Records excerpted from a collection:
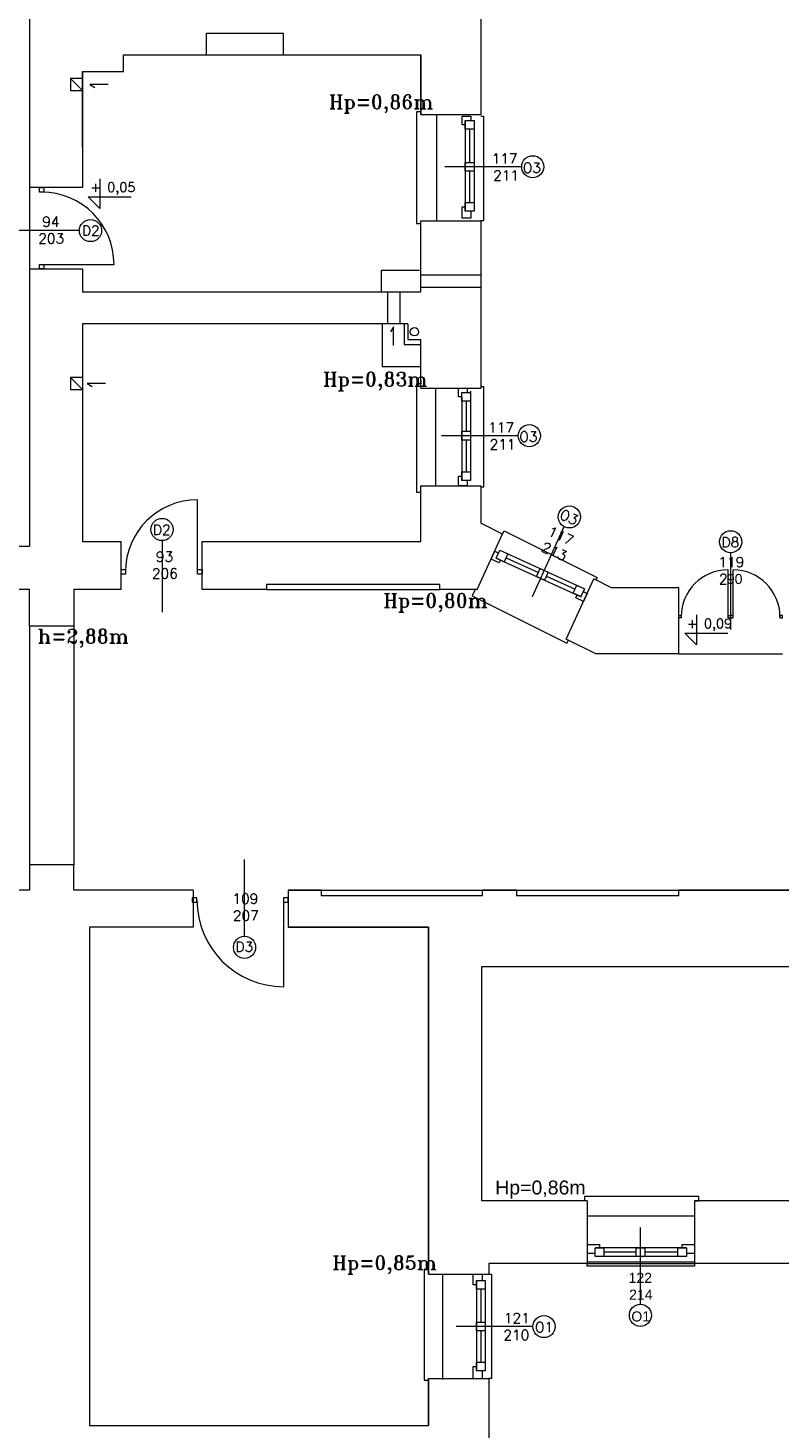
# Model space of a CAD drawing. Header units: millimetres. Extents: x -12354389001 to 271431, y -126469 to 48347.
# Tile 142 of 204: x -111459 to -110596, y -91724 to -90116. Entities that reach past the tile are written whole.
import ezdxf

# ---------------------------------------------------------------- set-up
doc = ezdxf.new("R2010")
doc.units = ezdxf.units.MM
doc.layers.get('0').update_dxf_attribs({"lineweight": 9})
doc.layers.add('ogrzewanie rzut', color=252, linetype='Continuous', lineweight=13)
doc.styles.add('ROMANS-POTROJNY-0-8-W', font='ROMANT.SHX', dxfattribs={"width": 0.8})
doc.styles.get("Standard").update_dxf_attribs({"font": 'arial.ttf'})

# ---------------------------------------------------------------- blocks, each defined once
blk = doc.blocks.new('d')
at = {"layer": 'ogrzewanie rzut', "linetype": 'Continuous', "lineweight": 13}
for p, q in [((36164, 4066.6), (36164, 3752.6)), ((36682, 4015.9), (36682, 3835.9)), ((36367, 3904.3), (36367, 3929.3)), ((36367, 3929.3), (36455, 3929.3)), ((36455, 3929.3), (36455, 3904.3)), ((36272, 3885.3), (36272, 3904.3)), ((36272, 3904.3), (36367, 3904.3)), ((36272, 3904.3), (36367, 3904.3)), ((36367, 3904.3), (36455, 3904.3)), ((36455, 3904.3), (36613, 3904.3)), ((36613, 3835.9), (36613, 3904.3)), ((36613, 3904.3), (36613, 3835.9)), ((36225, 3877.3), (36211, 3877.3)), ((36211, 3877.3), (36211, 3863.3)), ((36211, 3877.3), (36225, 3863.3)), ((36225, 3798.5), (36225, 3885.3)), ((36225, 3885.3), (36225, 3752.6)), ((36225, 3885.3), (36225, 3885.3)), ((36225, 3885.3), (36272, 3885.3)), ((36211, 3863.3), (36225, 3863.3)), ((36254.4, 3870.5), (36233.1, 3870.5)), ((36233.1, 3870.5), (36239, 3866.8)), ((36613, 3838.9), (36608, 3838.9)), ((36608, 3838.9), (36608, 3711.9)), ((36613, 3835.9), (36613, 3838.9)), ((36613, 3835.9), (36682, 3835.9)), ((36660.3, 3823.9), (36660.3, 3833.9)), ((36660.3, 3833.9), (36670.3, 3833.9)), ((36664, 3828.9), (36664, 3724.9)), ((36664, 3818.9), (36664, 3828.9)), ((36664, 3828.9), (36674, 3828.9)), ((36670.3, 3833.9), (36670.3, 3828.9)), ((36674, 3828.9), (36674, 3724.9)), ((36674, 3828.9), (36674, 3818.9)), ((36682, 3833.9), (36685, 3833.9)), ((36685, 3833.9), (36685, 3713.9)), ((36664, 3823.9), (36660.3, 3823.9)), ((36674, 3818.9), (36664, 3818.9)), ((36669, 3818.9), (36669, 3780.9)), ((36664, 3770.9), (36664, 3780.9)), ((36664, 3780.9), (36674, 3780.9)), ((36674, 3780.9), (36674, 3770.9)), ((36244.8, 3762.2), (36244.8, 3728)), ((36728.7, 3775.9), (36640.6, 3775.9)), ((36674, 3770.9), (36664, 3770.9)), ((36669, 3770.9), (36669, 3734.9)), ((36164, 3752.6), (36225, 3752.6)), ((36164, 3752.6), (36164, 3658.6)), ((36244.8, 3728), (36231.3, 3741.5)), ((36231.3, 3741.5), (36280.5, 3741.5)), ((36660.3, 3716.9), (36660.3, 3729.9)), ((36660.3, 3729.9), (36664, 3729.9)), ((36664, 3724.9), (36664, 3734.9)), ((36664, 3734.9), (36674, 3734.9)), ((36674, 3734.9), (36674, 3724.9)), ((36613, 3713.9), (36682, 3713.9)), ((36613, 3632.3), (36613, 3713.9)), ((36670.3, 3716.9), (36660.3, 3716.9)), ((36674, 3724.9), (36664, 3724.9)), ((36670.3, 3724.9), (36670.3, 3716.9)), ((36682, 3713.9), (36682, 3521.7)), ((36685, 3713.9), (36682, 3713.9)), ((36221.3, 3702.7), (36133.2, 3702.7)), ((36608, 3711.9), (36608, 3710.7)), ((36608, 3710.7), (36613, 3710.7)), ((36164, 3658.6), (36225, 3658.6)), ((36164, 3658.6), (36164, 3472.5)), ((36225, 3658.6), (36225, 3632.3)), ((36613, 3651.7), (36682, 3651.7)), ((36225, 3632.3), (36613, 3632.3)), ((36574.8, 3632.3), (36574.8, 3595.7)), ((36588.8, 3632.3), (36588.8, 3595.7)), ((36613, 3637.7), (36682, 3637.7)), ((36598, 3595.7), (36225, 3595.7)), ((36225, 3595.7), (36225, 3472.5)), ((36581.7, 3592.2), (36578, 3586.3)), ((36581.7, 3570.9), (36581.7, 3592.2)), ((36598, 3595.7), (36598, 3595.7)), ((36598, 3595.7), (36598, 3577.7)), ((36598, 3577.7), (36613, 3577.7)), ((36613, 3521.7), (36613, 3577.7)), ((36225, 3534.1), (36211, 3534.1)), ((36211, 3534.1), (36211, 3520.1)), ((36211, 3534.1), (36225, 3520.1)), ((36211, 3520.1), (36225, 3520.1)), ((36251.2, 3527.2), (36230, 3527.2)), ((36230, 3527.2), (36235.9, 3523.5)), ((36613, 3526.6), (36608, 3526.6)), ((36608, 3526.6), (36608, 3408.5)), ((36613, 3530.5), (36613, 3526.6)), ((36613, 3521.7), (36682, 3521.7)), ((36613, 3521.7), (36682, 3521.7)), ((36656.3, 3511.7), (36656.3, 3521.7)), ((36656.3, 3521.7), (36666.3, 3521.7)), ((36666.3, 3521.7), (36666.3, 3516.7)), ((36682, 3523.5), (36685, 3523.5)), ((36685, 3523.5), (36685, 3408)), ((36660, 3511.7), (36656.3, 3511.7)), ((36660, 3506.7), (36660, 3516.7)), ((36660, 3516.7), (36670, 3516.7)), ((36660, 3511.5), (36660, 3415.7)), ((36670, 3506.7), (36660, 3506.7)), ((36665, 3506.7), (36665, 3472.2)), ((36670, 3518.5), (36670, 3415.7)), ((36670, 3516.7), (36670, 3506.7)), ((36164, 3472.5), (36164, 3360.5)), ((36225, 3472.5), (36225, 3472.5)), ((36225, 3472.5), (36225, 3345.7)), ((36660, 3462.2), (36660, 3472.2)), ((36660, 3472.2), (36670, 3472.2)), ((36670, 3472.2), (36670, 3462.2)), ((36724.7, 3467.2), (36636.6, 3467.2)), ((36670, 3462.2), (36660, 3462.2)), ((36665, 3462.2), (36665, 3425.7)), ((36660, 3415.7), (36660, 3425.7)), ((36660, 3425.7), (36670, 3425.7)), ((36670, 3425.7), (36670, 3415.7)), ((36608, 3408.5), (36608, 3402.3)), ((36613, 3345.7), (36613, 3409.7)), ((36613, 3409.7), (36682, 3409.7)), ((36656.3, 3409.7), (36656.3, 3420.7)), ((36656.3, 3420.7), (36660, 3420.7)), ((36666.3, 3409.7), (36656.3, 3409.7)), ((36670, 3415.7), (36660, 3415.7)), ((36666.3, 3415.7), (36666.3, 3409.7)), ((36682, 3409.7), (36682, 3366.7)), ((36685, 3408), (36682, 3408)), ((36608, 3402.3), (36613, 3402.3)), ((36164, 3360.5), (36164, 3340.5)), ((36706.6, 3354.3), (36682, 3366.7)), ((36777.2, 3362.5), (36740.6, 3282.3)), ((36225, 3345.7), (36269, 3345.7)), ((36269, 3290.5), (36269, 3345.7)), ((36316.1, 3346.8), (36316.1, 3264.6)), ((36362, 3345.7), (36613, 3345.7)), ((36362, 3290.5), (36362, 3345.7)), ((36677.8, 3290.5), (36706.8, 3354.6)), ((36706.8, 3354.6), (36708.6, 3357.9)), ((36708.6, 3357.9), (36815.1, 3304.5)), ((36130.9, 3340.5), (36164, 3340.5)), ((36693.6, 3325.4), (36697.7, 3334.5)), ((36697.7, 3334.5), (36702.3, 3332.5)), ((36699.6, 3326.7), (36703.8, 3335.8)), ((36703.5, 3335.9), (36800.9, 3291.5)), ((36703.8, 3335.8), (36712.9, 3331.6)), ((36712.9, 3331.6), (36708.7, 3322.5)), ((36710.8, 3327.1), (36748.1, 3310.1)), ((36968.4, 3332.7), (36968.4, 3244.6)), ((36702.7, 3321.3), (36693.6, 3325.4)), ((36708.7, 3322.5), (36699.6, 3326.7)), ((36699.6, 3326.7), (36797, 3282.3)), ((36704.2, 3324.6), (36702.7, 3321.3)), ((36745.8, 3305.6), (36749.9, 3314.7)), ((36749.9, 3314.7), (36759, 3310.6)), ((36484.9, 3296.5), (36435.9, 3296.5)), ((36435.9, 3296.5), (36435.9, 3296.5)), ((36435.9, 3296.5), (36435.9, 3296.5)), ((36435.9, 3296.5), (36435.9, 3296.5)), ((36435.9, 3296.5), (36435.9, 3296.5)), ((36435.9, 3296.5), (36435.9, 3290.5)), ((36634.9, 3296.5), (36435.9, 3296.5)), ((36435.9, 3296.5), (36435.9, 3290.5)), ((36634.9, 3290.5), (36634.9, 3296.5)), ((36754.9, 3301.5), (36745.8, 3305.6)), ((36759, 3310.6), (36754.9, 3301.5)), ((36757.2, 3305.9), (36790, 3291)), ((36779.9, 3233.7), (36811.3, 3303)), ((36779.9, 3233.7), (36811.3, 3303)), ((36787.6, 3286.5), (36791.8, 3295.6)), ((36791.8, 3295.6), (36800.9, 3291.5)), ((36831.9, 3292.6), (36811.3, 3303)), ((36815.1, 3304.5), (36813.8, 3301.7)), ((36164, 3290.5), (36130.9, 3290.5)), ((36164, 3248.5), (36164, 3290.5)), ((36269, 3290.5), (36215, 3290.5)), ((36215, 3290.5), (36215, 3248.5)), ((36269, 3290.5), (36215, 3290.5)), ((36435.9, 3290.5), (36362, 3290.5)), ((36435.9, 3290.5), (36362, 3290.5)), ((36435.9, 3290.5), (36634.9, 3290.5)), ((36677.9, 3290.5), (36634.9, 3290.5)), ((36677.9, 3290.5), (36634.9, 3290.5)), ((36675.3, 3290.5), (36671.7, 3283.4)), ((36671.7, 3283.4), (36780.5, 3229)), ((36796.7, 3282.4), (36787.6, 3286.5)), ((36790.7, 3281.1), (36792.2, 3284.5)), ((36799.8, 3277), (36790.7, 3281.1)), ((36800.9, 3291.5), (36796.7, 3282.4)), ((36799.4, 3288.2), (36803.9, 3286.1)), ((36803.9, 3286.1), (36799.8, 3277)), ((36908.9, 3292.6), (36831.9, 3292.6)), ((36908.9, 3216.6), (36908.9, 3292.6)), ((36215, 3248.5), (36164, 3248.5)), ((36929.4, 3261.4), (36929.4, 3227.1)), ((36813.9, 3216.6), (36779.9, 3233.7)), ((36780.5, 3229), (36782.3, 3232.5)), ((36915.9, 3240.6), (36965.1, 3240.6)), ((36929.4, 3227.1), (36915.9, 3240.6)), ((36780.5, 3229), (36780.5, 3229)), ((36908.9, 3216.6), (36813.9, 3216.6)), ((36908.9, 3216.6), (37027.9, 3216.6)), ((36215, 2974.5), (36164, 2974.5)), ((36164, 2974.5), (36164, 2945.5)), ((36215, 2945.5), (36215, 2974.5)), ((36410.7, 2892.5), (36410.7, 2980.6)), ((36164, 2945.5), (36114.9, 2945.5)), ((36164, 2945.5), (36144.9, 2945.5)), ((36351.8, 2945.5), (36215, 2945.5)), ((36215, 2945.5), (36215, 2945.5)), ((36351.8, 2945.5), (36351.8, 2902.8)), ((36460.8, 2945.5), (36460.8, 2902.8)), ((36498.8, 2945.5), (36460.8, 2945.5)), ((36460.8, 2945.5), (36460.8, 2902.8)), ((36460.8, 2945.5), (36498.8, 2945.5)), ((36498.8, 2945.5), (36683.8, 2945.5)), ((36498.8, 2945.5), (36498.8, 2939.5)), ((36722.8, 2945.5), (36683.8, 2945.5)), ((36683.8, 2939.5), (36683.8, 2945.5)), ((36683.8, 2945.5), (36722.8, 2945.5)), ((36722.8, 2945.5), (36908.8, 2945.5)), ((36722.8, 2945.5), (36722.8, 2939.5)), ((37062.9, 2945.5), (36908.8, 2945.5)), ((36908.8, 2939.5), (36908.8, 2945.5)), ((36908.8, 2945.5), (37039.8, 2945.5)), ((36498.8, 2939.5), (36683.8, 2939.5)), ((36722.8, 2939.5), (36908.8, 2939.5)), ((36351.8, 2902.8), (36232.9, 2902.8)), ((36351.8, 2902.8), (36232.9, 2902.8)), ((36232.9, 2902.8), (36232.9, 2330.8)), ((36460.8, 2902.8), (36621.9, 2902.8)), ((36621.9, 2902.8), (36460.8, 2902.8)), ((36621.9, 2902.8), (36621.9, 2504.8)), ((36621.9, 2902.8), (36621.9, 2504.8)), ((36621.9, 2504.8), (36621.9, 2902.8)), ((36682.9, 2857.7), (37062.9, 2857.7)), ((36682.9, 2588.7), (36682.9, 2857.7)), ((36803.9, 2588.7), (36682.9, 2588.7)), ((36805.2, 2593.7), (36800.7, 2593.7)), ((36800.7, 2593.7), (36800.7, 2588.7)), ((36803.9, 2588.7), (36803.9, 2516.8)), ((36931.9, 2593.7), (36805.2, 2593.7)), ((36926.9, 2588.7), (36931.9, 2588.7)), ((37025.9, 2588.7), (36926.9, 2588.7)), ((37042.9, 2588.7), (36926.9, 2588.7)), ((36926.9, 2588.7), (36926.9, 2516.8)), ((36931.9, 2588.7), (36931.9, 2593.7)), ((36864.9, 2470.1), (36864.9, 2558.2)), ((36803.9, 2538.5), (36817.9, 2538.5)), ((36812.9, 2528.5), (36803.9, 2528.5)), ((36812.9, 2524.8), (36812.9, 2534.8)), ((36812.9, 2534.8), (36822.9, 2534.8)), ((36822.9, 2524.8), (36812.9, 2524.8)), ((36917.9, 2534.8), (36813.9, 2534.8)), ((36917.9, 2524.8), (36813.9, 2524.8)), ((36817.9, 2538.5), (36817.9, 2534.8)), ((36822.9, 2534.8), (36822.9, 2524.8)), ((36859.9, 2529.8), (36822.9, 2529.8)), ((36859.9, 2524.8), (36859.9, 2534.8)), ((36859.9, 2534.8), (36869.9, 2534.8)), ((36869.9, 2524.8), (36859.9, 2524.8)), ((36869.9, 2534.8), (36869.9, 2524.8)), ((36907.9, 2529.8), (36869.9, 2529.8)), ((36907.9, 2524.8), (36907.9, 2534.8)), ((36907.9, 2534.8), (36917.9, 2534.8)), ((36917.9, 2524.8), (36907.9, 2524.8)), ((36912.9, 2534.8), (36912.9, 2538.5)), ((36912.9, 2538.5), (36926.9, 2538.5)), ((36917.9, 2534.8), (36917.9, 2524.8)), ((36926.9, 2528.5), (36917.9, 2528.5)), ((36926.9, 2538.5), (36926.9, 2528.5)), ((36621.9, 2509.8), (36616.9, 2509.8)), ((36616.9, 2509.8), (36616.9, 2383.2)), ((36621.9, 2504.8), (36621.9, 2509.8)), ((36803.9, 2516.8), (36690.9, 2516.8)), ((36690.9, 2516.8), (36690.9, 2504.8)), ((36803.9, 2518.8), (36926.9, 2518.8)), ((36803.9, 2513.8), (36803.9, 2516.8)), ((36803.9, 2516.8), (36926.9, 2516.8)), ((36926.9, 2513.8), (36803.9, 2513.8)), ((36926.9, 2516.8), (36926.9, 2513.8)), ((37042.9, 2516.8), (36926.9, 2516.8)), ((36621.9, 2504.8), (36690.9, 2504.8)), ((36673.2, 2492.5), (36673.2, 2504.8)), ((36673.2, 2504.8), (36683.2, 2504.8)), ((36676.9, 2492.5), (36673.2, 2492.5)), ((36676.9, 2487.5), (36676.9, 2497.5)), ((36676.9, 2497.5), (36686.9, 2497.5)), ((36676.9, 2497.5), (36676.9, 2393.5)), ((36683.2, 2504.8), (36683.2, 2497.5)), ((36686.9, 2497.5), (36686.9, 2393.5)), ((36686.9, 2497.5), (36686.9, 2487.5)), ((36690.9, 2504.8), (36693.9, 2504.8)), ((36693.9, 2504.8), (36693.9, 2384.9)), ((36686.9, 2487.5), (36676.9, 2487.5)), ((36681.9, 2487.5), (36681.9, 2449.5)), ((36741.6, 2444.5), (36653.5, 2444.5)), ((36676.9, 2439.5), (36676.9, 2449.5)), ((36676.9, 2449.5), (36686.9, 2449.5)), ((36686.9, 2449.5), (36686.9, 2439.5)), ((36686.9, 2439.5), (36676.9, 2439.5)), ((36681.9, 2439.5), (36681.9, 2403.5)), ((36673.2, 2384.8), (36673.2, 2398.5)), ((36673.2, 2398.5), (36676.9, 2398.5)), ((36676.9, 2393.5), (36676.9, 2403.5)), ((36676.9, 2403.5), (36686.9, 2403.5)), ((36686.9, 2403.5), (36686.9, 2393.5)), ((36616.9, 2383.2), (36616.9, 2383.1)), ((36616.9, 2383.1), (36621.9, 2383.1)), ((36621.9, 2384.8), (36690.9, 2384.8)), ((36621.9, 2384.8), (36621.9, 2330.8)), ((36621.9, 2384.8), (36621.9, 2330.8)), ((36621.9, 2384.8), (36621.9, 2330.8)), ((36621.9, 2330.8), (36621.9, 2384.8)), ((36686.9, 2393.5), (36676.9, 2393.5)), ((36683.2, 2393.5), (36683.2, 2384.8)), ((36693.9, 2384.9), (36690.9, 2384.9)), ((36690.9, 2384.8), (36690.9, 2284.8)), ((36232.9, 2330.8), (36621.9, 2330.8))]:
    blk.add_line(p, q, dxfattribs=at)
at = {"layer": 'ogrzewanie rzut', "linetype": 'Continuous', "lineweight": 13, "ltscale": 10}
for p, q in [((36631, 3835.9), (36631, 3712.9)), ((36630, 3521.7), (36630, 3409.7)), ((36803.9, 2571.7), (36926.9, 2571.7)), ((36637.8, 2504.8), (36637.8, 2383.8))]:
    blk.add_line(p, q, dxfattribs=at)
at = {"layer": 'ogrzewanie rzut', "linetype": 'Continuous', "lineweight": 13, "ltscale": 20}
for p, q in [((36567.4, 3657.3), (36567.4, 3632.3)), ((36567.4, 3657.3), (36567.4, 3657.3)), ((36567.4, 3657.3), (36611.6, 3657.3)), ((36567.4, 3632.3), (36567.4, 3632.3)), ((36568.8, 3596.5), (36568.8, 3546.8)), ((36593.8, 3596.5), (36593.8, 3571.8)), ((36593.8, 3571.8), (36613, 3571.8)), ((36568.8, 3546.8), (36613, 3546.8)), ((36164, 3248.5), (36164, 2974.5)), ((36215, 3248.5), (36215, 2974.5))]:
    blk.add_line(p, q, dxfattribs=at)
at = {"layer": 'ogrzewanie rzut', "linetype": 'Continuous', "lineweight": 13, "transparency": 33554684}
for points in [[(36175.4, 3746.8), (36175.4, 3752), (36180.6, 3752), (36180.6, 3746.8)], [(36180.6, 3658.6), (36175.4, 3658.6), (36175.4, 3663.8), (36180.6, 3663.8)], [(36274.1, 3308.4), (36269, 3308.4), (36269, 3313.6), (36274.1, 3313.6)], [(36362, 3313.6), (36362, 3308.4), (36356.8, 3308.4), (36356.8, 3313.6)], [(36911.7, 3258), (36908.9, 3258), (36908.9, 3260.8), (36911.7, 3260.8)], [(36968.4, 3260.8), (36968.4, 3258), (36965.5, 3258), (36965.5, 3260.8)], [(36968.4, 3260.8), (36968.4, 3258), (36971.2, 3258), (36971.2, 3260.8)], [(37025, 3258), (37027.9, 3258), (37027.9, 3260.8), (37025, 3260.8)], [(36356, 2936.7), (36350.8, 2936.7), (36350.8, 2931.5), (36356, 2931.5)], [(36460.8, 2931.5), (36460.8, 2936.7), (36455.6, 2936.7), (36455.6, 2931.5)]]:
    blk.add_lwpolyline(points, close=True, dxfattribs=at)
for points in [[(36178, 3663.8), (36261, 3663.8)], [(36356.8, 3311), (36356.8, 3393.7)], [(36965.5, 3259.4), (36965.5, 3313.2)], [(36971.2, 3259.4), (36971.2, 3313.2)], [(36455.6, 2934.1), (36455.6, 2834.6)]]:
    blk.add_lwpolyline(points, dxfattribs=at)
at = {"layer": 'ogrzewanie rzut', "linetype": 'Continuous', "lineweight": 13}
for centre, radius in [((36741.4, 3775.9), 12.7), ((36234, 3702.7), 12.7), ((36605.6, 3586.5), 4.77), ((36737.4, 3467.2), 12.7), ((36783.4, 3374), 12.7), ((36316.1, 3359.5), 12.7), ((36968.4, 3345.4), 12.7), ((36410.7, 2879.8), 12.7), ((36864.9, 2457.4), 12.7), ((36754.3, 2444.5), 12.7)]:
    blk.add_circle(centre, radius, dxfattribs=at)
at = {"layer": 'ogrzewanie rzut', "linetype": 'Continuous', "lineweight": 13, "transparency": 33554684}
for centre, radius, start, end in [((36178, 3663.8), 83, 0, 90), ((36356.8, 3311), 82.7, 90, 180), ((36965.5, 3259.4), 53.8, 90, 180), ((36971.2, 3259.4), 53.8, 0, 90), ((36455.6, 2934.1), 99.5, 180, 270)]:
    blk.add_arc(centre, radius, start, end, dxfattribs=at)
at = {"layer": 'ogrzewanie rzut', "linetype": 'Continuous', "lineweight": 13, "ltscale": 0.15, "style": 'ROMANS-POTROJNY-0-8-W'}
for s, p in [('Hp=0,86m', (36507.6, 3842.6)), ('Hp=0,83m', (36500.8, 3524.2)), ('Hp=0,80m', (36570, 3269.9)), ('h=2,88m', (36173.3, 3228.9)), ('Hp=0,85m', (36511.6, 2509.8))]:
    blk.add_text(s, height=16, dxfattribs=at).set_placement(p)
at = {"layer": 'ogrzewanie rzut', "linetype": 'Continuous', "lineweight": 13, "style": 'ROMANS-POTROJNY-0-8-W'}
for s, height, p in [('117', 11.57, (36694.2, 3779.5)), ('O3', 11.57, (36730, 3769)), ('211', 11.57, (36695.9, 3760.2)), ('+ 0,05', 10.8, (36233.7, 3747.1)), ('94', 11.57, (36178.6, 3707.1)), ('203', 11.57, (36174.1, 3687.8)), ('D2', 11.57, (36224.2, 3696.9)), ('117', 11.57, (36690.2, 3470.8)), ('O3', 11.57, (36726, 3460.3)), ('211', 11.57, (36691.9, 3451.5)), ('D2', 11.57, (36305.6, 3353.3)), ('D8', 11.57, (36958, 3339.1)), ('93', 11.57, (36308.9, 3322.5)), ('119', 11.57, (36954.3, 3316.3)), ('206', 11.57, (36304.5, 3303.2)), ('2', 11.6, (36955, 3296.9)), ('+ 0,09', 10.8, (36918.3, 3246.2)), ('109', 11.57, (36396.8, 2929.9)), ('207', 11.57, (36397.4, 2910.5)), ('D3', 11.57, (36400.4, 2874.7)), ('121', 11.57, (36708.2, 2448.3)), ('O1', 11.57, (36744, 2437.9)), ('210', 11.57, (36707.7, 2429))]:
    blk.add_text(s, height=height, dxfattribs=at).set_placement(p)
for s, p in [('O3', (36771.1, 3372.7)), ('117', (36757.6, 3353.1)), ('213', (36750.1, 3335.2))]:
    blk.add_text(s, height=11.57, rotation=335.4726, dxfattribs=at).set_placement(p)
at = {"layer": 'ogrzewanie rzut', "linetype": 'Continuous', "lineweight": 13}
for s, p in [('90', (36964, 3296.9)), ('122', (36851.3, 2494.6)), ('214', (36851.9, 2475.3)), ('O1', (36854.5, 2450.3))]:
    blk.add_text(s, height=11.57, dxfattribs=at).set_placement(p)
at = {"layer": 'ogrzewanie rzut', "linetype": 'Continuous', "lineweight": 13, "ltscale": 0.15}
blk.add_text('Hp=0,86m', height=16, dxfattribs=at).set_placement((36698.3, 2596.1))

msp = doc.modelspace()

# ---------------------------------------------------------------- block references
msp.add_blockref('d', (-147620.915, -94051.603))

doc.saveas('drawing.dxf')

### What needs to be done
Report each line above that includes the string "styles".

### Solution
doc.styles.add('ROMANS-POTROJNY-0-8-W', font='ROMANT.SHX', dxfattribs={"width": 0.8})
doc.styles.get("Standard").update_dxf_attribs({"font": 'arial.ttf'})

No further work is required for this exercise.